Kevin Sonsky (00:58):

Thank you, Randy. Thank you for having me. Great to be here.

Randy Wootton (01:01):

Great to have you. And so why don’t we start there? You’ve really seen this play out over the last 25 years or so from the time when you started as an accountant, Citrix is a big company, you joined when it was smaller, but you went through several different evolutions with Citrix, and now you’re taking all that experience and helping small companies, big companies try to figure it all out. So can you just give us a little bit of your background in terms of the career transitions you saw and how that’s shaped your perspective of what it means to be a CFO today?

Kevin Sonsky (01:29):

Yeah, sure. I’m happy to share. As you said, started off as a traditional accountant, and CPA with big four accounting firms, and this was all about standard audit compliance kind of work. And I transitioned to Citrix, who was a client of mine, in that role. So eventually becoming the corporate controller and running things like SOX controls and closing the books every quarter, following accounting standards and governance, SEC filing, regulatory reporting, so it’s all the governance and compliance fundamentals. And then I transitioned from there into really what was a line of business finance support, which was really in the form of business intelligence analytics, which was not necessarily an established function, certainly not at Citrix, and at the time it was growing, a lot of companies were trying to figure this stuff out.
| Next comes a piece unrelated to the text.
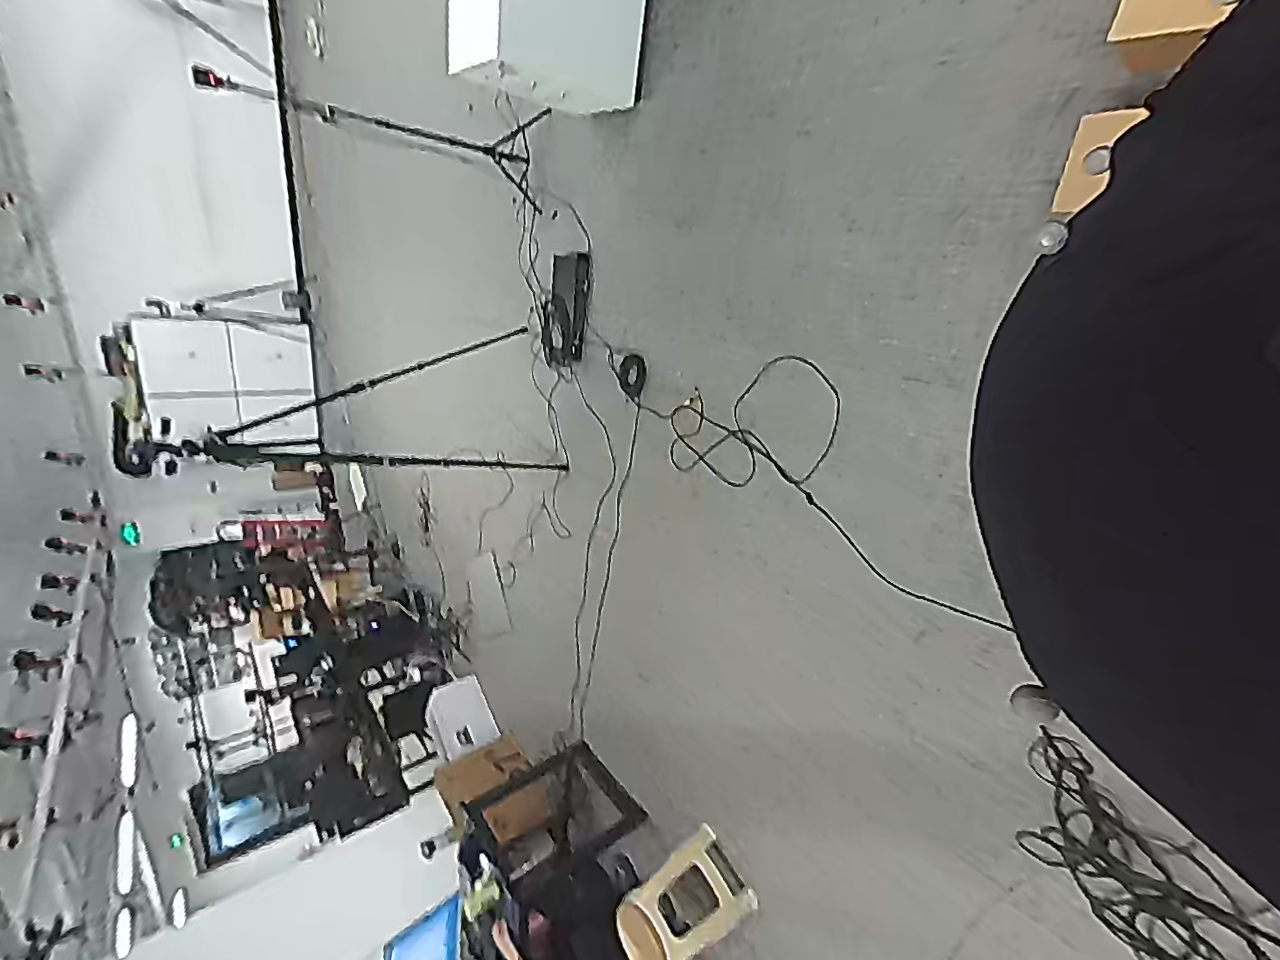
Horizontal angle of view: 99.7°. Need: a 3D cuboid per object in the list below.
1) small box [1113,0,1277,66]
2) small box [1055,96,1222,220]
[{"bbox_3d":[0.961,-0.836,0.918,0.179,0.176,0.168,29,120,43],"label":"small box"},{"bbox_3d":[0.928,-0.586,1.009,0.179,0.176,0.168,27,119,44],"label":"small box"}]

And so this provided a really unique opportunity to be much more operationally focused, focused on the operational metrics that the leaders were making decisions, understanding how data and metrics can be manipulated, positive or negative, to tell a story or to get certain results, or look at certain results. And so there was a lot of alignment with the traditional FP&A, but we were doing a lot more line of business support in that area and really got a very good understanding of how the business operates. Did that for a long time, established the maturity of that governance and BI framework at Citrix, and then was selected to join the CEO to be his chief of staff for a couple of years. And that was wonderful. It was a bit of a consigliere type of role providing guidance. And then with my finance background, I created that alignment between the CEO and the CFO, as well as other members of the executive team. And I think that’s a key skill when you talk about the evolution of the CFO, anticipating what questions are going to be asked. And I think that’s where, similar to today, CEOs are looking for their CFOs to be their right-hand person in that respect.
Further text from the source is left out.